Some doctors told her she had symptoms of rheumatoid arthritis, she said, but “they couldn’t get to the bottom of it.”
One doctor predicted she would be confined to a wheelchair within a year and dead within three years, she said.
The woman with a love for movement wasn’t ready to give up.
Her response to the physician who gave the poor prognosis: “I’ll show you.”
Frightened, but determined to find an alternative outcome, Nixon said she began testing countless healing methods: acupuncture, laser work and a full-body vibration machine called Power Plate, to name a few.
“Little by little, I gained mobility,” she said, noting it took nearly nine years to regain 90 percent of her strength.
In the process, she discovered technological advances in health and wellness that she wanted to share with others — so they, too can have “dancing bones.”

Now, Nixon who also co-owns Joe’s Dining with her husband, Roland Richter, runs DancingBones, a health and wellness studio on Rodeo Road focused on rebuilding strength and bone density using high-tech exercise machines.
The goal, she said, is to to ensure her clients can continue “to do what they love to do.”

She opened the business in 2017, working with a range of clients, from stroke victims and lifelong smokers to young athletes and people with osteoporosis.
“When I couldn’t move very well,” she said, “it made me question my identity. … It seems that recovering your ability to move must be as important to others as it was to me.”
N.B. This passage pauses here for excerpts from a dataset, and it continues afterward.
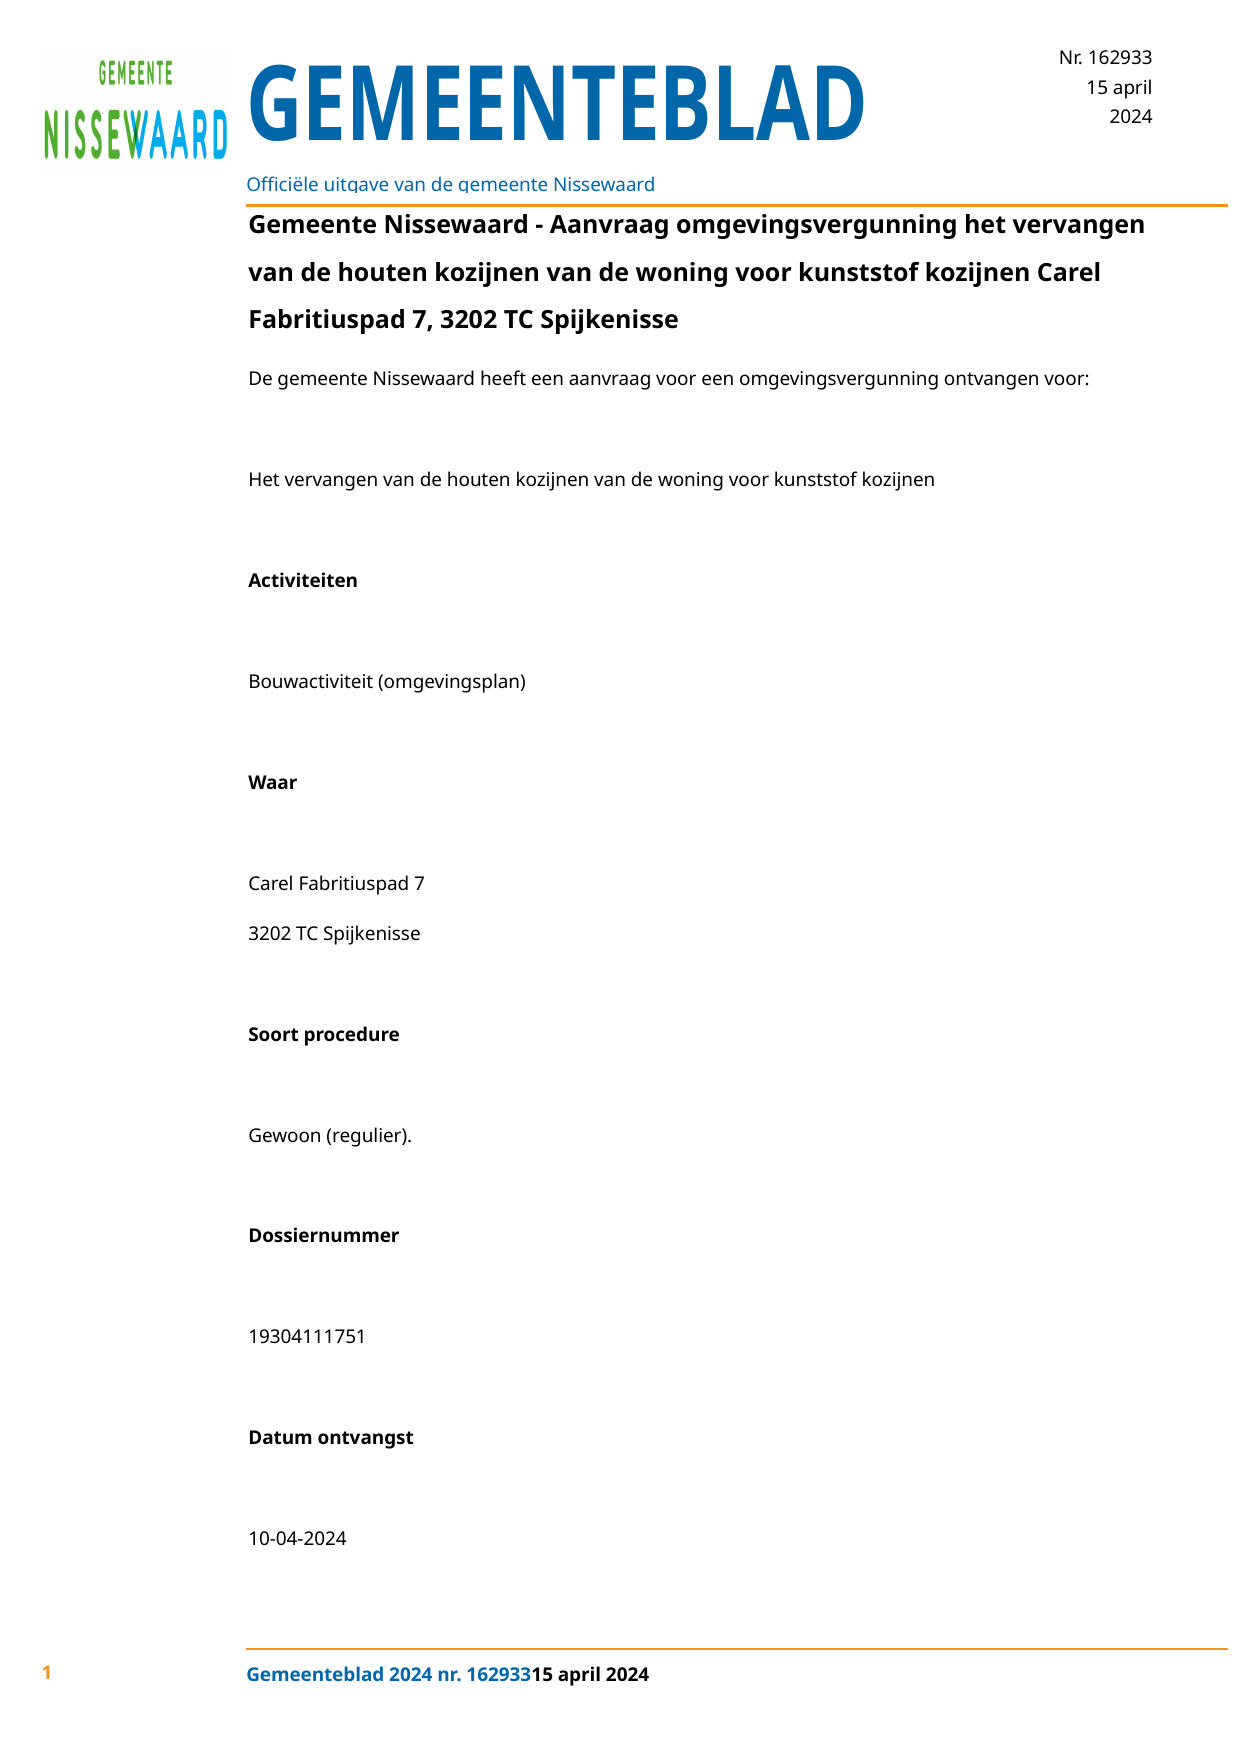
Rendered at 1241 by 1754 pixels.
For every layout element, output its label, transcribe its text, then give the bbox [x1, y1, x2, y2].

text Activiteiten [248, 567, 1152, 593]
text 3202 TC Spijkenisse [248, 920, 1152, 946]
text Waar [248, 769, 1152, 794]
text Dossiernummer [248, 1223, 1152, 1248]
text Soort procedure [248, 1021, 1152, 1047]
text 19304111751 [248, 1323, 1152, 1349]
text Gemeente Nissewaard - Aanvraag omgevingsvergunning het vervangen van de houten kozijnen van de woning voor kunststof kozijnen Carel Fabritiuspad 7, 3202 TC Spijkenisse [248, 207, 1152, 336]
text Gewoon (regulier). [248, 1122, 1152, 1147]
picture [41, 47, 231, 172]
text Carel Fabritiuspad 7 [248, 870, 1152, 895]
text 10-04-2024 [248, 1525, 1152, 1551]
text Het vervangen van de houten kozijnen van de woning voor kunststof kozijnen [248, 466, 1152, 492]
text Datum ontvangst [248, 1424, 1152, 1450]
text De gemeente Nissewaard heeft een aanvraag voor een omgevingsvergunning ontvangen voor: [248, 366, 1152, 391]
text Bouwactiviteit (omgevingsplan) [248, 668, 1152, 694]

The results of the exercise tech, Nixon said, are “phenomenal.” She has grown a half-inch in height — a sign of spinal health — and bone density in her left leg has improved, she said. Nixon also has regained most of her mobility.
“I don’t know how much healthier I could get,” she said with a laugh.
Gretchen Goff, one of Dancing Bones’ first clients, said her doctor recommended she start the center’s regimen to offset her sciatica — back pain. Ever since, she said, “I feel good. My strength has increased.”
Nixon said it’s exciting to see the clients benefit from Dancing Bones.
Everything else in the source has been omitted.